EXERCISE REQUIREMENTS
Take each line from the material below that includes the string "minimum" and copy it.

MATERIAL SHOWN
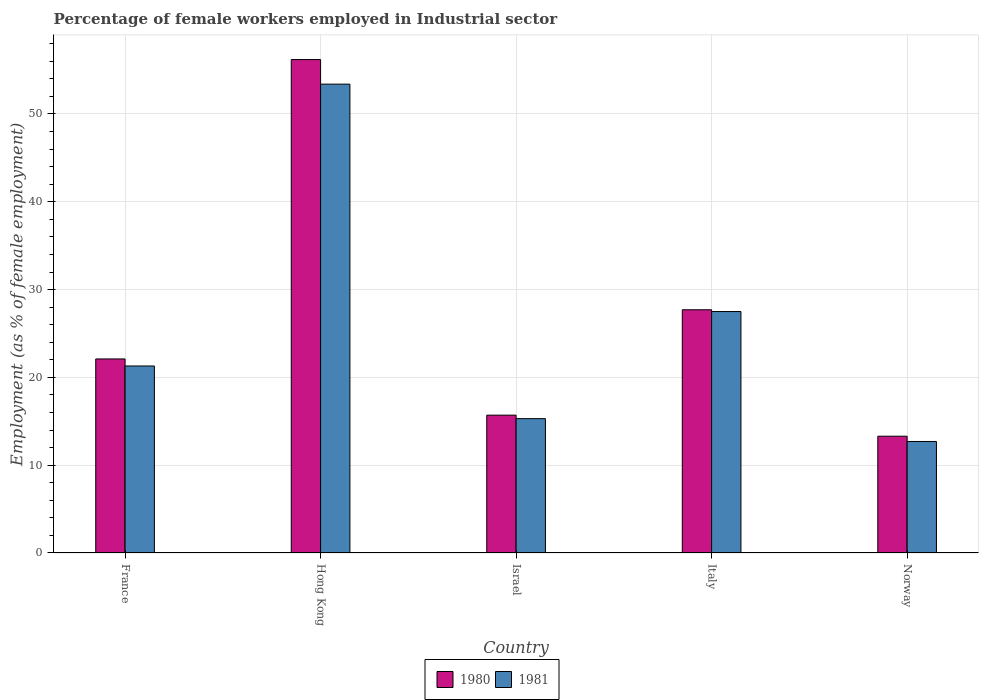How many different coloured bars are there?
Provide a short and direct response. 2. How many groups of bars are there?
Offer a very short reply. 5. Are the number of bars per tick equal to the number of legend labels?
Make the answer very short. Yes. Are the number of bars on each tick of the X-axis equal?
Give a very brief answer. Yes. How many bars are there on the 2nd tick from the right?
Make the answer very short. 2. What is the label of the 3rd group of bars from the left?
Keep it short and to the point. Israel. In how many cases, is the number of bars for a given country not equal to the number of legend labels?
Provide a succinct answer. 0. What is the percentage of females employed in Industrial sector in 1980 in Italy?
Your answer should be compact. 27.7. Across all countries, what is the maximum percentage of females employed in Industrial sector in 1981?
Give a very brief answer. 53.4. Across all countries, what is the minimum percentage of females employed in Industrial sector in 1981?
Make the answer very short. 12.7. In which country was the percentage of females employed in Industrial sector in 1980 maximum?
Your answer should be very brief. Hong Kong. What is the total percentage of females employed in Industrial sector in 1980 in the graph?
Offer a terse response. 135. What is the difference between the percentage of females employed in Industrial sector in 1981 in Hong Kong and that in Italy?
Keep it short and to the point. 25.9. What is the difference between the percentage of females employed in Industrial sector in 1981 in Hong Kong and the percentage of females employed in Industrial sector in 1980 in Israel?
Your answer should be very brief. 37.7. What is the average percentage of females employed in Industrial sector in 1981 per country?
Your answer should be compact. 26.04. What is the difference between the percentage of females employed in Industrial sector of/in 1981 and percentage of females employed in Industrial sector of/in 1980 in Israel?
Offer a very short reply. -0.4. What is the ratio of the percentage of females employed in Industrial sector in 1981 in France to that in Israel?
Ensure brevity in your answer.  1.39. What is the difference between the highest and the second highest percentage of females employed in Industrial sector in 1980?
Provide a short and direct response. 28.5. What is the difference between the highest and the lowest percentage of females employed in Industrial sector in 1980?
Your answer should be very brief. 42.9. Is the sum of the percentage of females employed in Industrial sector in 1981 in France and Israel greater than the maximum percentage of females employed in Industrial sector in 1980 across all countries?
Your answer should be compact. No. How many countries are there in the graph?
Offer a terse response. 5. Are the values on the major ticks of Y-axis written in scientific E-notation?
Offer a very short reply. No. Does the graph contain grids?
Provide a succinct answer. Yes. How many legend labels are there?
Keep it short and to the point. 2. How are the legend labels stacked?
Ensure brevity in your answer.  Horizontal. What is the title of the graph?
Give a very brief answer. Percentage of female workers employed in Industrial sector. Does "1970" appear as one of the legend labels in the graph?
Ensure brevity in your answer.  No. What is the label or title of the X-axis?
Your response must be concise. Country. What is the label or title of the Y-axis?
Offer a terse response. Employment (as % of female employment). What is the Employment (as % of female employment) of 1980 in France?
Provide a succinct answer. 22.1. What is the Employment (as % of female employment) in 1981 in France?
Your answer should be compact. 21.3. What is the Employment (as % of female employment) of 1980 in Hong Kong?
Your response must be concise. 56.2. What is the Employment (as % of female employment) in 1981 in Hong Kong?
Your response must be concise. 53.4. What is the Employment (as % of female employment) in 1980 in Israel?
Your answer should be very brief. 15.7. What is the Employment (as % of female employment) in 1981 in Israel?
Your answer should be very brief. 15.3. What is the Employment (as % of female employment) in 1980 in Italy?
Your response must be concise. 27.7. What is the Employment (as % of female employment) in 1980 in Norway?
Keep it short and to the point. 13.3. What is the Employment (as % of female employment) of 1981 in Norway?
Give a very brief answer. 12.7. Across all countries, what is the maximum Employment (as % of female employment) of 1980?
Ensure brevity in your answer.  56.2. Across all countries, what is the maximum Employment (as % of female employment) of 1981?
Offer a very short reply. 53.4. Across all countries, what is the minimum Employment (as % of female employment) of 1980?
Provide a succinct answer. 13.3. Across all countries, what is the minimum Employment (as % of female employment) of 1981?
Keep it short and to the point. 12.7. What is the total Employment (as % of female employment) of 1980 in the graph?
Your response must be concise. 135. What is the total Employment (as % of female employment) in 1981 in the graph?
Offer a terse response. 130.2. What is the difference between the Employment (as % of female employment) in 1980 in France and that in Hong Kong?
Offer a terse response. -34.1. What is the difference between the Employment (as % of female employment) in 1981 in France and that in Hong Kong?
Provide a succinct answer. -32.1. What is the difference between the Employment (as % of female employment) in 1981 in France and that in Israel?
Ensure brevity in your answer.  6. What is the difference between the Employment (as % of female employment) of 1981 in France and that in Italy?
Offer a very short reply. -6.2. What is the difference between the Employment (as % of female employment) in 1980 in France and that in Norway?
Provide a short and direct response. 8.8. What is the difference between the Employment (as % of female employment) in 1980 in Hong Kong and that in Israel?
Make the answer very short. 40.5. What is the difference between the Employment (as % of female employment) in 1981 in Hong Kong and that in Israel?
Your answer should be compact. 38.1. What is the difference between the Employment (as % of female employment) in 1980 in Hong Kong and that in Italy?
Provide a succinct answer. 28.5. What is the difference between the Employment (as % of female employment) of 1981 in Hong Kong and that in Italy?
Your answer should be very brief. 25.9. What is the difference between the Employment (as % of female employment) of 1980 in Hong Kong and that in Norway?
Make the answer very short. 42.9. What is the difference between the Employment (as % of female employment) of 1981 in Hong Kong and that in Norway?
Your answer should be very brief. 40.7. What is the difference between the Employment (as % of female employment) in 1980 in Israel and that in Italy?
Provide a succinct answer. -12. What is the difference between the Employment (as % of female employment) in 1981 in Israel and that in Italy?
Provide a succinct answer. -12.2. What is the difference between the Employment (as % of female employment) in 1980 in Israel and that in Norway?
Offer a terse response. 2.4. What is the difference between the Employment (as % of female employment) in 1980 in Italy and that in Norway?
Provide a short and direct response. 14.4. What is the difference between the Employment (as % of female employment) in 1981 in Italy and that in Norway?
Offer a very short reply. 14.8. What is the difference between the Employment (as % of female employment) in 1980 in France and the Employment (as % of female employment) in 1981 in Hong Kong?
Your response must be concise. -31.3. What is the difference between the Employment (as % of female employment) of 1980 in France and the Employment (as % of female employment) of 1981 in Israel?
Your response must be concise. 6.8. What is the difference between the Employment (as % of female employment) of 1980 in France and the Employment (as % of female employment) of 1981 in Italy?
Offer a very short reply. -5.4. What is the difference between the Employment (as % of female employment) in 1980 in Hong Kong and the Employment (as % of female employment) in 1981 in Israel?
Provide a short and direct response. 40.9. What is the difference between the Employment (as % of female employment) in 1980 in Hong Kong and the Employment (as % of female employment) in 1981 in Italy?
Make the answer very short. 28.7. What is the difference between the Employment (as % of female employment) of 1980 in Hong Kong and the Employment (as % of female employment) of 1981 in Norway?
Give a very brief answer. 43.5. What is the difference between the Employment (as % of female employment) of 1980 in Israel and the Employment (as % of female employment) of 1981 in Norway?
Your response must be concise. 3. What is the difference between the Employment (as % of female employment) of 1980 in Italy and the Employment (as % of female employment) of 1981 in Norway?
Your answer should be very brief. 15. What is the average Employment (as % of female employment) in 1980 per country?
Your answer should be compact. 27. What is the average Employment (as % of female employment) of 1981 per country?
Your answer should be compact. 26.04. What is the difference between the Employment (as % of female employment) in 1980 and Employment (as % of female employment) in 1981 in Israel?
Offer a terse response. 0.4. What is the difference between the Employment (as % of female employment) in 1980 and Employment (as % of female employment) in 1981 in Italy?
Keep it short and to the point. 0.2. What is the ratio of the Employment (as % of female employment) of 1980 in France to that in Hong Kong?
Provide a short and direct response. 0.39. What is the ratio of the Employment (as % of female employment) of 1981 in France to that in Hong Kong?
Offer a terse response. 0.4. What is the ratio of the Employment (as % of female employment) of 1980 in France to that in Israel?
Provide a succinct answer. 1.41. What is the ratio of the Employment (as % of female employment) of 1981 in France to that in Israel?
Make the answer very short. 1.39. What is the ratio of the Employment (as % of female employment) of 1980 in France to that in Italy?
Offer a very short reply. 0.8. What is the ratio of the Employment (as % of female employment) in 1981 in France to that in Italy?
Your response must be concise. 0.77. What is the ratio of the Employment (as % of female employment) in 1980 in France to that in Norway?
Ensure brevity in your answer.  1.66. What is the ratio of the Employment (as % of female employment) in 1981 in France to that in Norway?
Offer a terse response. 1.68. What is the ratio of the Employment (as % of female employment) of 1980 in Hong Kong to that in Israel?
Ensure brevity in your answer.  3.58. What is the ratio of the Employment (as % of female employment) of 1981 in Hong Kong to that in Israel?
Offer a terse response. 3.49. What is the ratio of the Employment (as % of female employment) of 1980 in Hong Kong to that in Italy?
Keep it short and to the point. 2.03. What is the ratio of the Employment (as % of female employment) of 1981 in Hong Kong to that in Italy?
Provide a succinct answer. 1.94. What is the ratio of the Employment (as % of female employment) of 1980 in Hong Kong to that in Norway?
Make the answer very short. 4.23. What is the ratio of the Employment (as % of female employment) in 1981 in Hong Kong to that in Norway?
Give a very brief answer. 4.2. What is the ratio of the Employment (as % of female employment) of 1980 in Israel to that in Italy?
Your answer should be compact. 0.57. What is the ratio of the Employment (as % of female employment) in 1981 in Israel to that in Italy?
Keep it short and to the point. 0.56. What is the ratio of the Employment (as % of female employment) of 1980 in Israel to that in Norway?
Provide a succinct answer. 1.18. What is the ratio of the Employment (as % of female employment) of 1981 in Israel to that in Norway?
Give a very brief answer. 1.2. What is the ratio of the Employment (as % of female employment) of 1980 in Italy to that in Norway?
Provide a succinct answer. 2.08. What is the ratio of the Employment (as % of female employment) of 1981 in Italy to that in Norway?
Keep it short and to the point. 2.17. What is the difference between the highest and the second highest Employment (as % of female employment) in 1980?
Your answer should be very brief. 28.5. What is the difference between the highest and the second highest Employment (as % of female employment) of 1981?
Your answer should be compact. 25.9. What is the difference between the highest and the lowest Employment (as % of female employment) of 1980?
Give a very brief answer. 42.9. What is the difference between the highest and the lowest Employment (as % of female employment) in 1981?
Your answer should be very brief. 40.7.

EXERCISE ANSWER
Give a very brief answer. 53.4. Across all countries, what is the minimum percentage of females employed in Industrial sector in 1981?
Offer a very short reply. 53.4. Across all countries, what is the minimum Employment (as % of female employment) of 1980?
Provide a succinct answer. 13.3. Across all countries, what is the minimum Employment (as % of female employment) of 1981?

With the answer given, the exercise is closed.